From d924f2963b0be25431bc6d56c9b7947ba098b360 Mon Sep 17 00:00:00 2001
From: Carl Pearson <carl.w.pearson@gmail.com>
Date: Fri, 13 Mar 2020 17:31:55 -0600
Subject: [PATCH] stencil paper revision

---
 content/publication/2020522_pearson_iwapt/index.md | 7 ++++---
 1 file changed, 4 insertions(+), 3 deletions(-)

diff --git a/content/publication/2020522_pearson_iwapt/index.md b/content/publication/2020522_pearson_iwapt/index.md
index ea336c2..acb8970 100644
--- a/content/publication/2020522_pearson_iwapt/index.md
+++ b/content/publication/2020522_pearson_iwapt/index.md
@@ -26,9 +26,10 @@ abstract = """
 High-performance distributed computing systems increasingly feature nodes that have multiple CPU sockets and multiple GPUs.

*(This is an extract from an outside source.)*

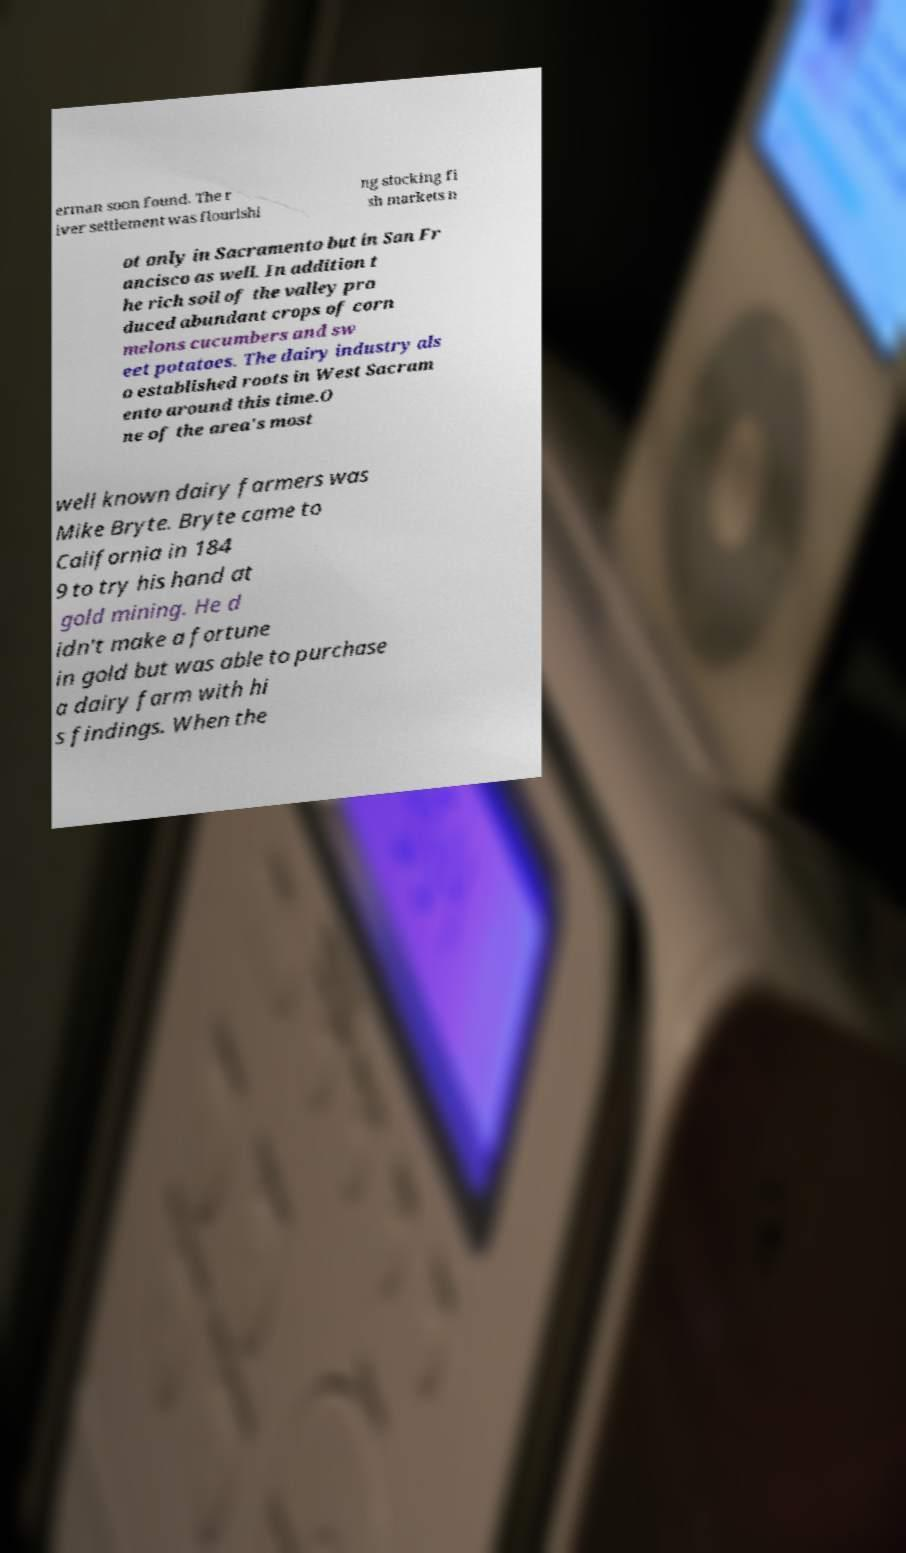Can you accurately transcribe the text from the provided image for me? erman soon found. The r iver settlement was flourishi ng stocking fi sh markets n ot only in Sacramento but in San Fr ancisco as well. In addition t he rich soil of the valley pro duced abundant crops of corn melons cucumbers and sw eet potatoes. The dairy industry als o established roots in West Sacram ento around this time.O ne of the area's most well known dairy farmers was Mike Bryte. Bryte came to California in 184 9 to try his hand at gold mining. He d idn't make a fortune in gold but was able to purchase a dairy farm with hi s findings. When the

 The communication bandwidth between these components is non-uniform.
 Furthermore, these systems can expose different communication capabilities between these components.
-For communication-heavy applications, optimally using these capabilities is challenging and essential for performance.
-This work presents approaches for automatic data placement and communication implementation for 3D stencil codes on multi-GPU nodes with non-homogeneous communication performance and capabilities.
-Benchmarking results in the Summit system show that choices in placement can result in a 20% improvement in single-node exchange, and communication specialization canyield a further 6x improvement in exchange time in a single node, and a 16% improvement at 1536 GPUs"""
+For communication-heavy applications, optimally using these capabilities is challenging and essential for performance. 
+Bespoke codes with optimized communication may be non-portable across run-time/software/hardware configurations, and existing stencil frameworks neglect optimized communication.
+This work presents node-aware approaches for automatic data placement and communication implementation for 3D stencil codes on multi-GPU nodes with non-homogeneous communication performance and capabilities.
+Benchmarking results in the Summit system show that choices in placement can result in a 20% improvement in single-node exchange, and communication specialization can yield a further 6x improvement in exchange time in a single node, and a 16% improvement at 1536 GPUs."""
 abstract_short = ""